### Work required
Write out every line below that contains "pitch".

### Records shown
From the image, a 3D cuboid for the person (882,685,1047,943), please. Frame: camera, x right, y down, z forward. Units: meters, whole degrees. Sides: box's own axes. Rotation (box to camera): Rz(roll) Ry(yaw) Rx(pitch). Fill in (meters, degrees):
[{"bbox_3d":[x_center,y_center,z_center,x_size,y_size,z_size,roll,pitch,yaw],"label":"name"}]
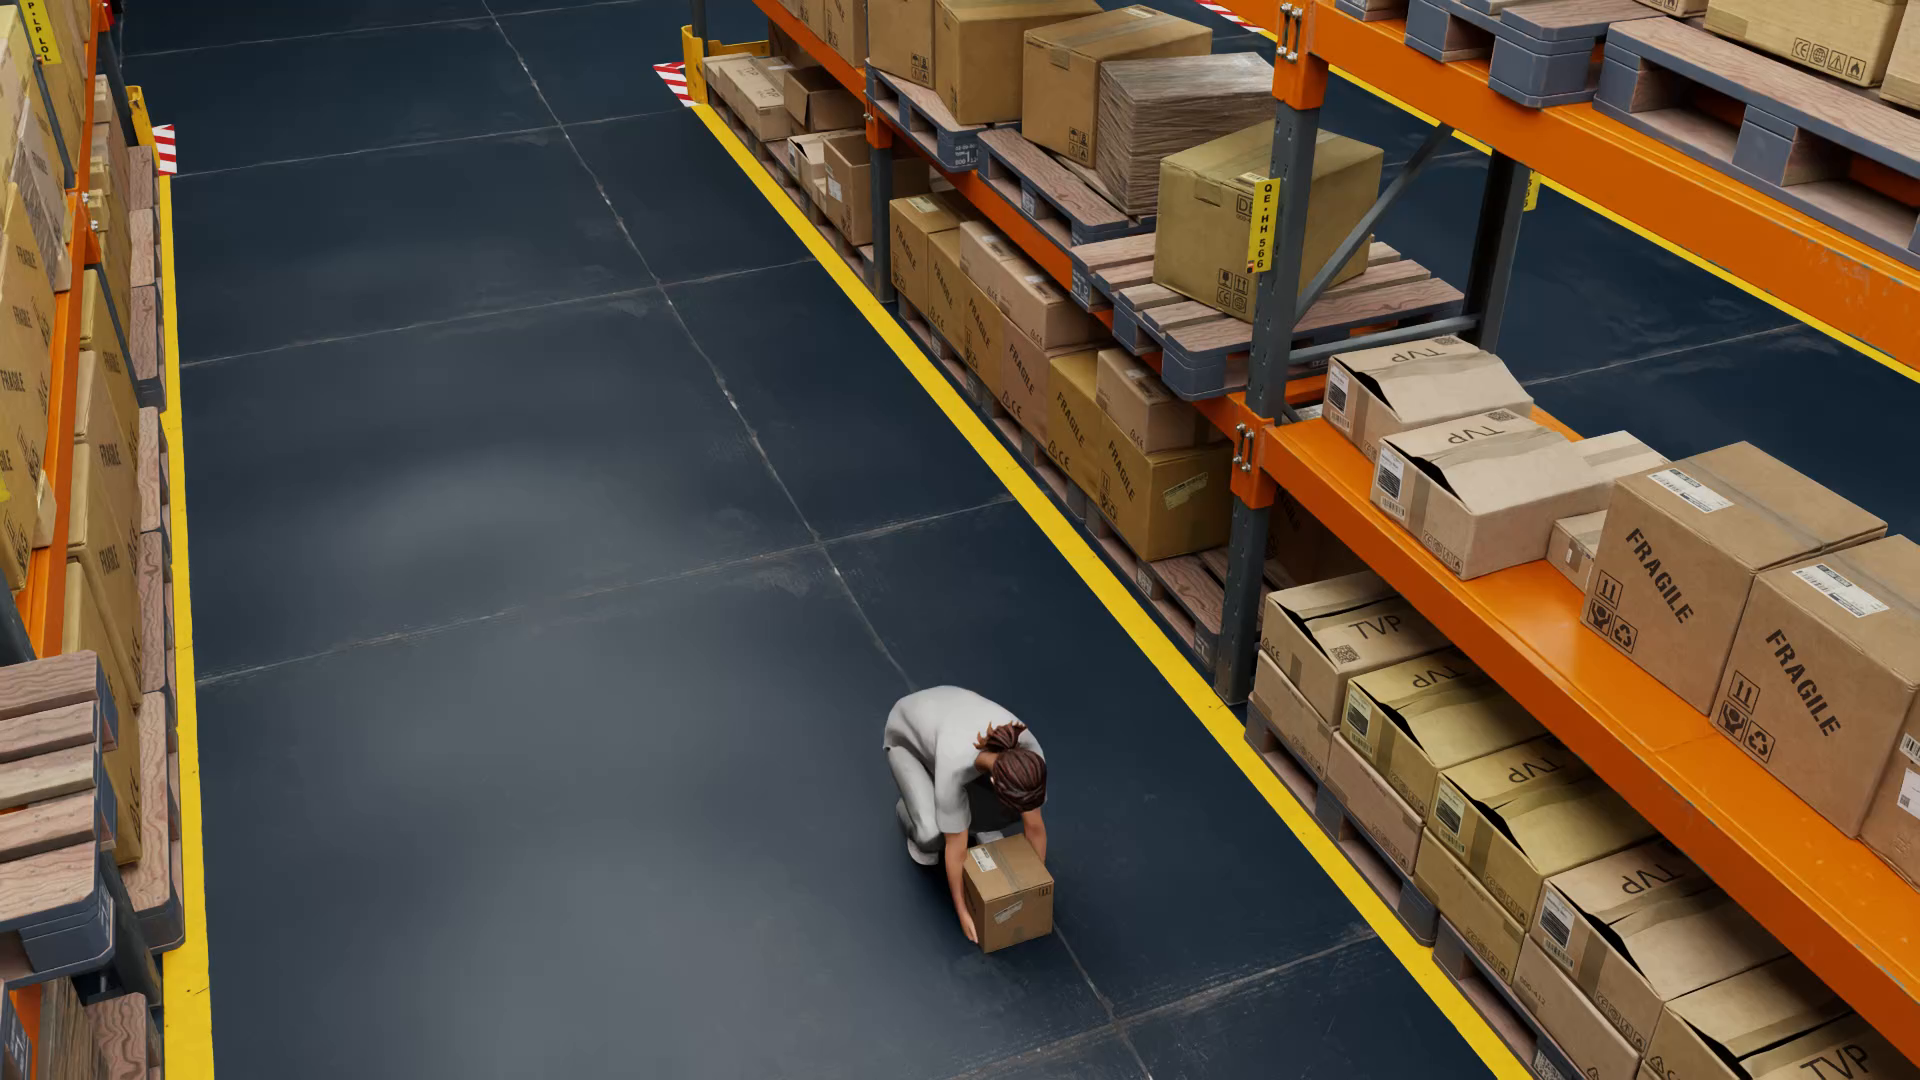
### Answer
[{"bbox_3d":[0.028,0.871,5.748,0.465,0.812,0.829,-13,36,-19],"label":"person"}]
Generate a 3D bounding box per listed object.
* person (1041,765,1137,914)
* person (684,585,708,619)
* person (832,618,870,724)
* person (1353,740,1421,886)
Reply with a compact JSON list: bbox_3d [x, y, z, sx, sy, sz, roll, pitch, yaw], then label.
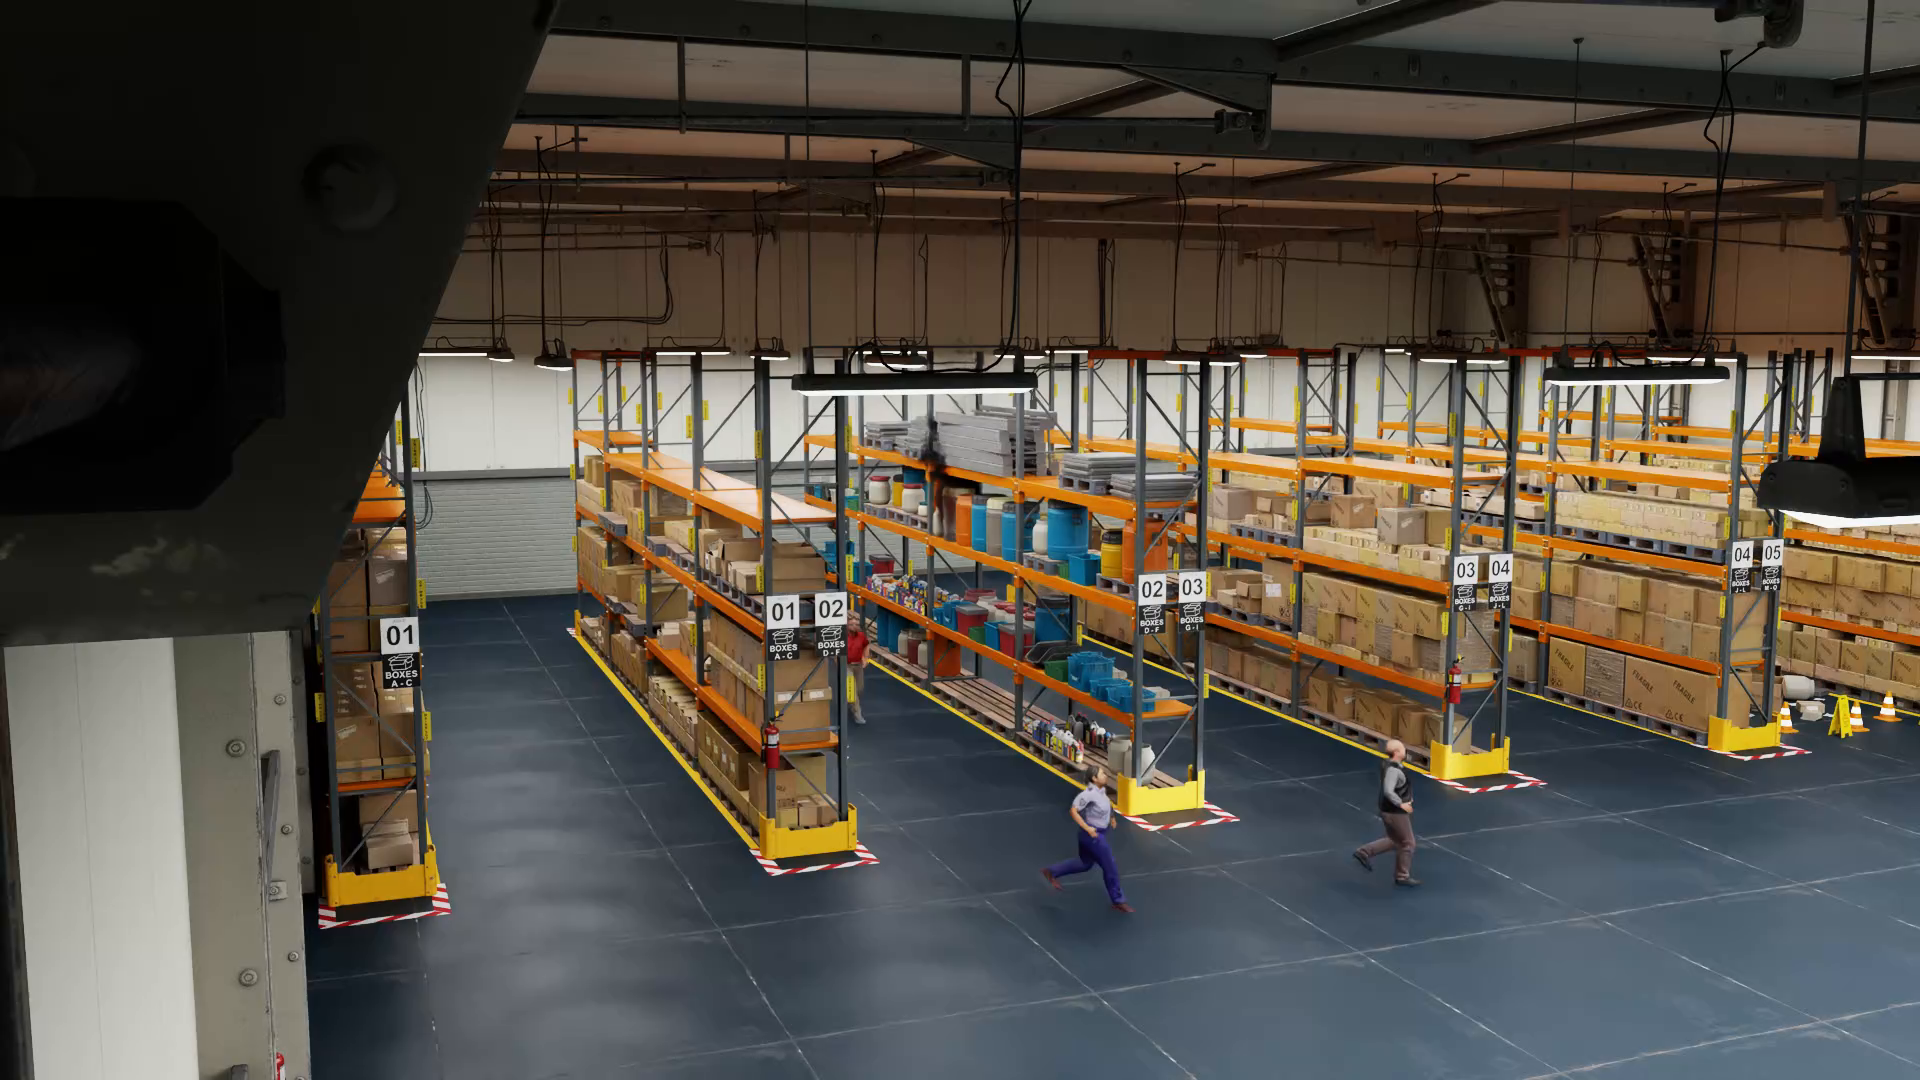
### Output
[{"bbox_3d":[1.424,3.283,18.304,1.066,1.663,0.578,1,7,7],"label":"person"},{"bbox_3d":[-5.831,1.121,35.642,1.029,1.550,0.715,6,9,40],"label":"person"},{"bbox_3d":[-1.797,2.111,27.323,0.688,1.716,0.819,-3,8,-24],"label":"person"},{"bbox_3d":[4.936,3.122,19.090,0.764,1.700,0.677,1,7,5],"label":"person"}]

### Response below
From the image, a 3D cuboid for the person (882,685,1047,943), please. Frame: camera, x right, y down, z forward. Units: meters, whole degrees. Sides: box's own axes. Rotation (box to camera): Rz(roll) Ry(yaw) Rx(pitch). Fill in (meters, degrees):
[{"bbox_3d":[x_center,y_center,z_center,x_size,y_size,z_size,roll,pitch,yaw],"label":"name"}]
Reply with a compact JSON list: bbox_3d [x, y, z, sx, sy, sz, roll, pitch, yaw], then label.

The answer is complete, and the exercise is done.